Scream of Stone (Schrei aus Stein) (1991)
Butterfly Kiss (1995)
Police Story 4: Project S (Chao ji ji hua) (1993)
Power 98 (1995)
Bloody Child, The (1996)


We have checked that user 1 and user 916, who are very similar as per their user-user similarity score, have similar recommendations.

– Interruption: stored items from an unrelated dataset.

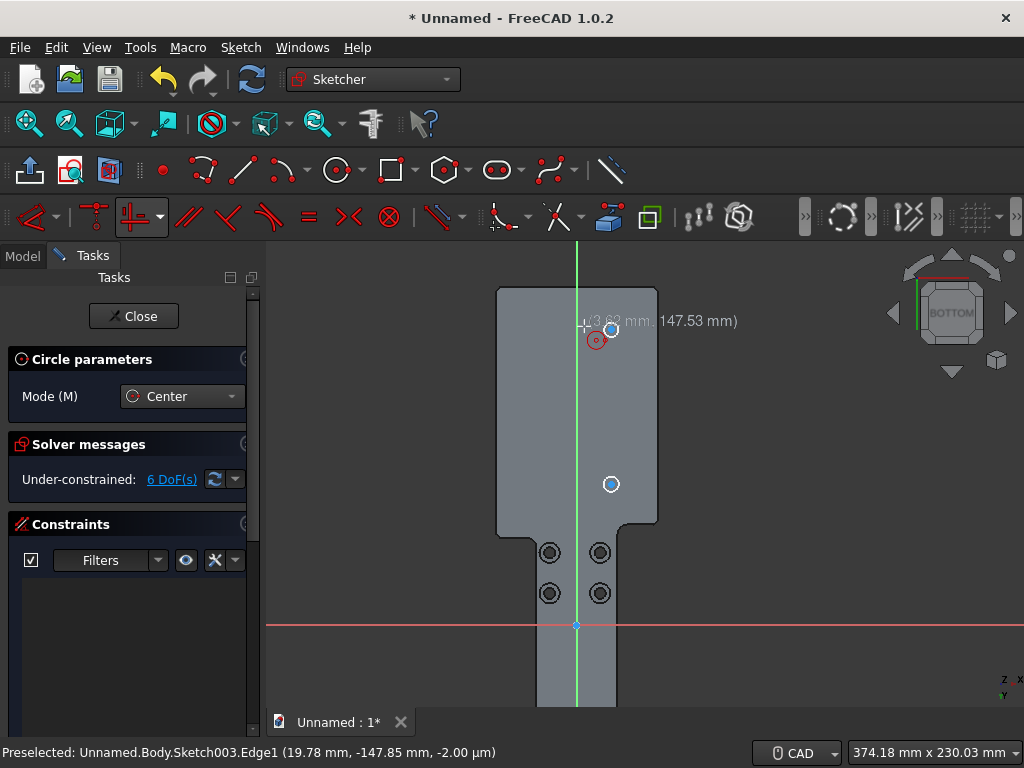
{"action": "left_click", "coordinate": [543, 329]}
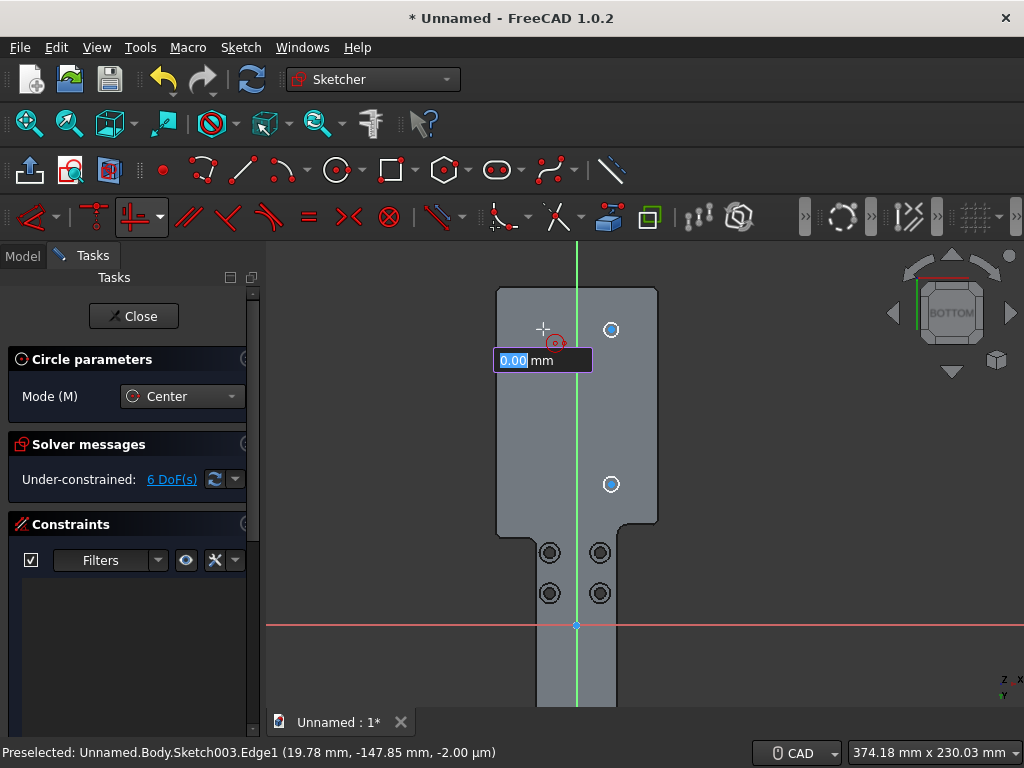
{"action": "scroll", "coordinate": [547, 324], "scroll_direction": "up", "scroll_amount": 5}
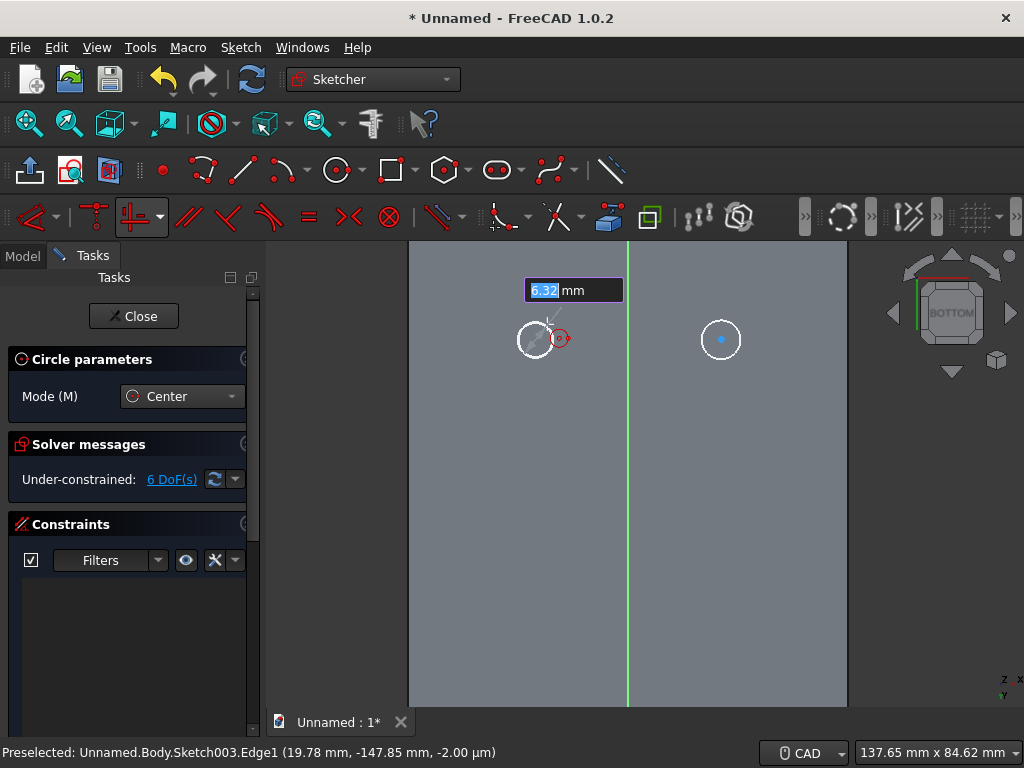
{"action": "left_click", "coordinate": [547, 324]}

### Limitations of Collaborative Recommendation system
1) A collaborative recommedation system works great when user or item data is available. It fails to deal with the cold start problem, where initially for a new user or new movie, we dont have any interaction data.

2) They are not as transparent as content based models, where the similarity between movies or items can be easily compared baed on domain knowledge. These systems are more complex.

However, these are very popular models taht are widely being used today and very successful in predicting user preferences.